Mais ce plan, en l’état, n’est qu’un projet qui doit être adopté par les États. C’est le volet politique de l’affaire. Ne l’oublions pas, il a fallu l’initiative franco-allemande du plan Macron-Merkel, le 18 mai, pour que s’enclenche la dynamique européenne. C’est l’acceptation par Angela Merkel de la mutualisation des dettes publiques européennes refusée par l’Allemagne jusque-là, qui a changé la donne. En se ralliant à l’idée de transferts budgétaires entre États, la chancelière a quitté le camp des « frugaux » à la grande satisfaction des pays du sud.

Mais unanimité oblige, la Commission va devoir convaincre les pays hostiles aux transferts massifs (Autriche, Pays-Bas, Danemark et Suède) et rassurer les pays inquiets, notamment d’Europe centrale et orientale quant au maintien des fonds de cohésion. Le plan de relance européenne y travaille. Comme le réclament les premiers, les transferts aux pays bénéficiaires seraient assortis de conditions : plan d’investissements et de réformes compatible avec les priorités de la Commission européenne en terme de transition écologique et numérique et prise en compte des recommandations annuelles de la Commission en terme de réformes structurelles visant à améliorer la compétitivité de ces pays. Pour satisfaire les seconds, le maintien et même une augmentation des fonds de cohésion de quelque 55 milliards € entre aujourd’hui et 2022 sont envisagés.

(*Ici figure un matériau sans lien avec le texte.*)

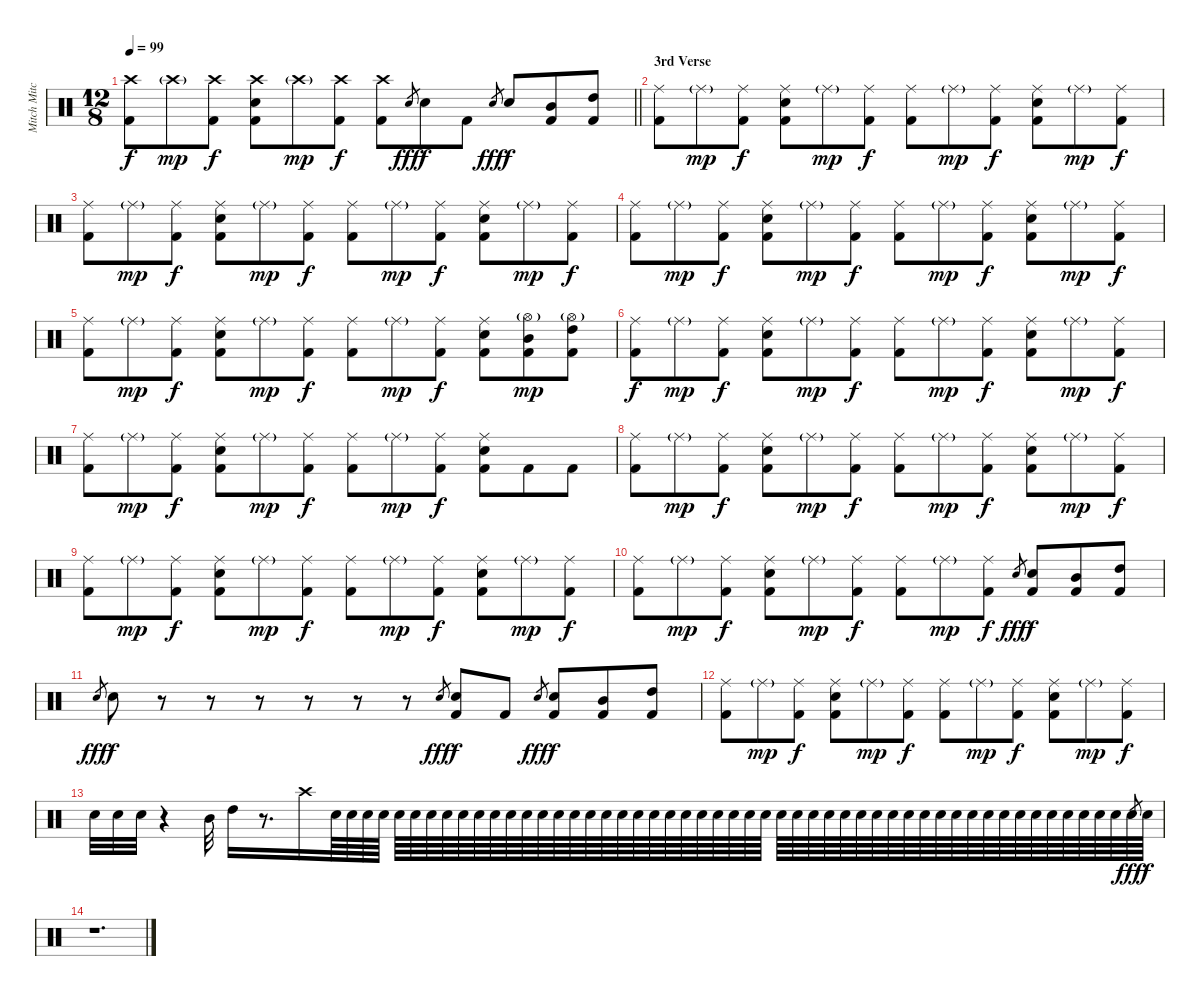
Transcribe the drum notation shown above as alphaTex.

\track ("Mitch Mitchell" "Mitch Mitc") {instrument percussion}
\staff {score}
\articulation defaults
\ts (12 8)
\tempo 99
\clef neutral
\barLineRight lightlight
\ks c
("Crash high (hit)" "Kick (hit) 2").8{dy f} "Crash high (hit)"{g}.8{dy mp} ("Crash high (hit)" "Kick (hit) 2").8{dy f} ("Crash high (hit)" "Electric Snare (hit)" "Kick (hit) 2").8 "Crash high (hit)"{g}.8{dy mp} ("Crash high (hit)" "Kick (hit) 2").8{dy f} ("Crash high (hit)" "Kick (hit) 2").8 "Electric Snare (hit)".8{gr dy fff} "Electric Snare (hit)".8{dy f} "Kick (hit) 2".8 "Electric Snare (hit)".8{gr dy fff} "Electric Snare (hit)".8{dy f} ("Mid Tom (hit)" "Kick (hit) 2").8 ("High Tom (hit)" "Kick (hit) 2").8 |
\section ("" "3rd Verse")
("Ride (middle)" "Kick (hit) 2").8 "Ride (middle)"{g}.8{dy mp} ("Ride (middle)" "Kick (hit) 2").8{dy f} ("Ride (middle)" "Electric Snare (hit)" "Kick (hit) 2").8 "Ride (middle)"{g}.8{dy mp} ("Ride (middle)" "Kick (hit) 2").8{dy f} ("Ride (middle)" "Kick (hit) 2").8 "Ride (middle)"{g}.8{dy mp} ("Ride (middle)" "Kick (hit) 2").8{dy f} ("Ride (middle)" "Electric Snare (hit)" "Kick (hit) 2").8 "Ride (middle)"{g}.8{dy mp} ("Ride (middle)" "Kick (hit) 2").8{dy f} |
("Ride (middle)" "Kick (hit) 2").8 "Ride (middle)"{g}.8{dy mp} ("Ride (middle)" "Kick (hit) 2").8{dy f} ("Ride (middle)" "Electric Snare (hit)" "Kick (hit) 2").8 "Ride (middle)"{g}.8{dy mp} ("Ride (middle)" "Kick (hit) 2").8{dy f} ("Ride (middle)" "Kick (hit) 2").8 "Ride (middle)"{g}.8{dy mp} ("Ride (middle)" "Kick (hit) 2").8{dy f} ("Ride (middle)" "Electric Snare (hit)" "Kick (hit) 2").8 "Ride (middle)"{g}.8{dy mp} ("Ride (middle)" "Kick (hit) 2").8{dy f} |
("Ride (middle)" "Kick (hit) 2").8 "Ride (middle)"{g}.8{dy mp} ("Ride (middle)" "Kick (hit) 2").8{dy f} ("Ride (middle)" "Electric Snare (hit)" "Kick (hit) 2").8 "Ride (middle)"{g}.8{dy mp} ("Ride (middle)" "Kick (hit) 2").8{dy f} ("Ride (middle)" "Kick (hit) 2").8 "Ride (middle)"{g}.8{dy mp} ("Ride (middle)" "Kick (hit) 2").8{dy f} ("Ride (middle)" "Electric Snare (hit)" "Kick (hit) 2").8 "Ride (middle)"{g}.8{dy mp} ("Ride (middle)" "Kick (hit) 2").8{dy f} |
("Ride (middle)" "Kick (hit) 2").8 "Ride (middle)"{g}.8{dy mp} ("Ride (middle)" "Kick (hit) 2").8{dy f} ("Ride (middle)" "Electric Snare (hit)" "Kick (hit) 2").8 "Ride (middle)"{g}.8{dy mp} ("Ride (middle)" "Kick (hit) 2").8{dy f} ("Ride (middle)" "Kick (hit) 2").8 "Ride (middle)"{g}.8{dy mp} ("Ride (middle)" "Kick (hit) 2").8{dy f} ("Ride (middle)" "Electric Snare (hit)" "Kick (hit) 2").8 ("Hi-Hat (open)"{g} "Mid Tom (hit)" "Kick (hit) 2").8{dy mp} ("Hi-Hat (open)"{g} "High Tom (hit)" "Kick (hit) 2").8 |
("Ride (middle)" "Kick (hit) 2").8{dy f} "Ride (middle)"{g}.8{dy mp} ("Ride (middle)" "Kick (hit) 2").8{dy f} ("Ride (middle)" "Electric Snare (hit)" "Kick (hit) 2").8 "Ride (middle)"{g}.8{dy mp} ("Ride (middle)" "Kick (hit) 2").8{dy f} ("Ride (middle)" "Kick (hit) 2").8 "Ride (middle)"{g}.8{dy mp} ("Ride (middle)" "Kick (hit) 2").8{dy f} ("Ride (middle)" "Electric Snare (hit)" "Kick (hit) 2").8 "Ride (middle)"{g}.8{dy mp} ("Ride (middle)" "Kick (hit) 2").8{dy f} |
("Ride (middle)" "Kick (hit) 2").8 "Ride (middle)"{g}.8{dy mp} ("Ride (middle)" "Kick (hit) 2").8{dy f} ("Ride (middle)" "Electric Snare (hit)" "Kick (hit) 2").8 "Ride (middle)"{g}.8{dy mp} ("Ride (middle)" "Kick (hit) 2").8{dy f} ("Ride (middle)" "Kick (hit) 2").8 "Ride (middle)"{g}.8{dy mp} ("Ride (middle)" "Kick (hit) 2").8{dy f} ("Ride (middle)" "Electric Snare (hit)" "Kick (hit) 2").8 "Kick (hit) 2".8 "Kick (hit) 2".8 |
("Ride (middle)" "Kick (hit) 2").8 "Ride (middle)"{g}.8{dy mp} ("Ride (middle)" "Kick (hit) 2").8{dy f} ("Ride (middle)" "Electric Snare (hit)" "Kick (hit) 2").8 "Ride (middle)"{g}.8{dy mp} ("Ride (middle)" "Kick (hit) 2").8{dy f} ("Ride (middle)" "Kick (hit) 2").8 "Ride (middle)"{g}.8{dy mp} ("Ride (middle)" "Kick (hit) 2").8{dy f} ("Ride (middle)" "Electric Snare (hit)" "Kick (hit) 2").8 "Ride (middle)"{g}.8{dy mp} ("Ride (middle)" "Kick (hit) 2").8{dy f} |
("Ride (middle)" "Kick (hit) 2").8 "Ride (middle)"{g}.8{dy mp} ("Ride (middle)" "Kick (hit) 2").8{dy f} ("Ride (middle)" "Electric Snare (hit)" "Kick (hit) 2").8 "Ride (middle)"{g}.8{dy mp} ("Ride (middle)" "Kick (hit) 2").8{dy f} ("Ride (middle)" "Kick (hit) 2").8 "Ride (middle)"{g}.8{dy mp} ("Ride (middle)" "Kick (hit) 2").8{dy f} ("Ride (middle)" "Electric Snare (hit)" "Kick (hit) 2").8 "Ride (middle)"{g}.8{dy mp} ("Ride (middle)" "Kick (hit) 2").8{dy f} |
("Ride (middle)" "Kick (hit) 2").8 "Ride (middle)"{g}.8{dy mp} ("Ride (middle)" "Kick (hit) 2").8{dy f} ("Ride (middle)" "Electric Snare (hit)" "Kick (hit) 2").8 "Ride (middle)"{g}.8{dy mp} ("Ride (middle)" "Kick (hit) 2").8{dy f} ("Ride (middle)" "Kick (hit) 2").8 "Ride (middle)"{g}.8{dy mp} ("Ride (middle)" "Kick (hit) 2").8{dy f} "Electric Snare (hit)".8{gr dy fff} ("Electric Snare (hit)" "Kick (hit) 2").8{dy f} ("Mid Tom (hit)" "Kick (hit) 2").8 ("High Tom (hit)" "Kick (hit) 2").8 |
"Electric Snare (hit)".8{gr dy fff} "Electric Snare (hit)".8{dy f} r.8 r.8 r.8 r.8 r.8 r.8 "Electric Snare (hit)".8{gr dy fff} ("Electric Snare (hit)" "Kick (hit) 2").8{dy f} "Kick (hit) 2".8 "Electric Snare (hit)".8{gr dy fff} ("Electric Snare (hit)" "Kick (hit) 2").8{dy f} ("Mid Tom (hit)" "Kick (hit) 2").8 ("High Tom (hit)" "Kick (hit) 2").8 |
("Ride (middle)" "Kick (hit) 2").8 "Ride (middle)"{g}.8{dy mp} ("Ride (middle)" "Kick (hit) 2").8{dy f} ("Ride (middle)" "Electric Snare (hit)" "Kick (hit) 2").8 "Ride (middle)"{g}.8{dy mp} ("Ride (middle)" "Kick (hit) 2").8{dy f} ("Ride (middle)" "Kick (hit) 2").8 "Ride (middle)"{g}.8{dy mp} ("Ride (middle)" "Kick (hit) 2").8{dy f} ("Ride (middle)" "Electric Snare (hit)" "Kick (hit) 2").8 "Ride (middle)"{g}.8{dy mp} ("Ride (middle)" "Kick (hit) 2").8{dy f} |
"Electric Snare (hit)".32 "Electric Snare (hit)".32 "Electric Snare (hit)".32 r.4 "Mid Tom (hit)".32 "High Tom (hit)".16 r.8{d} "Crash high (hit)".16 "Electric Snare (hit)".64 "Electric Snare (hit)".64 "Electric Snare (hit)".64 "Electric Snare (hit)".64 "Electric Snare (hit)".64 "Electric Snare (hit)".64 "Electric Snare (hit)".64 "Electric Snare (hit)".64 "Electric Snare (hit)".64 "Electric Snare (hit)".64 "Electric Snare (hit)".64 "Electric Snare (hit)".64 "Electric Snare (hit)".64 "Electric Snare (hit)".64 "Electric Snare (hit)".64 "Electric Snare (hit)".64 "Electric Snare (hit)".64 "Electric Snare (hit)".64 "Electric Snare (hit)".64 "Electric Snare (hit)".64 "Electric Snare (hit)".64 "Electric Snare (hit)".64 "Electric Snare (hit)".64 "Electric Snare (hit)".64 "Electric Snare (hit)".64 "Electric Snare (hit)".64 "Electric Snare (hit)".64 "Electric Snare (hit)".64 "Electric Snare (hit)".64 "Electric Snare (hit)".64 "Electric Snare (hit)".64 "Electric Snare (hit)".64 "Electric Snare (hit)".64 "Electric Snare (hit)".64 "Electric Snare (hit)".64 "Electric Snare (hit)".64 "Electric Snare (hit)".64 "Electric Snare (hit)".64 "Electric Snare (hit)".64 "Electric Snare (hit)".64 "Electric Snare (hit)".64 "Electric Snare (hit)".64 "Electric Snare (hit)".64 "Electric Snare (hit)".64 "Electric Snare (hit)".64 "Electric Snare (hit)".64 "Electric Snare (hit)".64 "Electric Snare (hit)".64 "Electric Snare (hit)".64 "Electric Snare (hit)".64 "Electric Snare (hit)".64 "Electric Snare (hit)".8{gr dy fff} "Electric Snare (hit)".64{dy f} |
r.1{d}

Moyennant quoi, les pays les plus affectés par la pandémie, pourront prétendre à l’enveloppe de subventions octroyées : pour l’Italie, 82 milliards €, l’Espagne 77 milliards €, la France 39 milliards, la Pologne 38, l’Allemagne 29 et à celle des prêts pré-alloués dont 91 milliards pour l’Italie, 63 pour l’Espagne, 26 milliards pour la Pologne etc.[3]

Pour ce plan de relance et de solidarité, la messe n’est pas encore dite et nous saurons dans quelques semaines (mi-juillet) si la crise du Covid-19 a, comme l’annoncent certains analystes, provoqué un tournant fédéraliste de l’Union.

 


[1] L’Union européenne à l’épreuve de l’épidémie du coronavirus, lettre d’information n° 38, avril 2020.

[2] Près de 80 % des financements du plan de relance leur seront consacrés.

[3] Pour une répartition par pays exhaustive des montants pré-alloués estimés,  voir Le Monde, 16 juin 2020.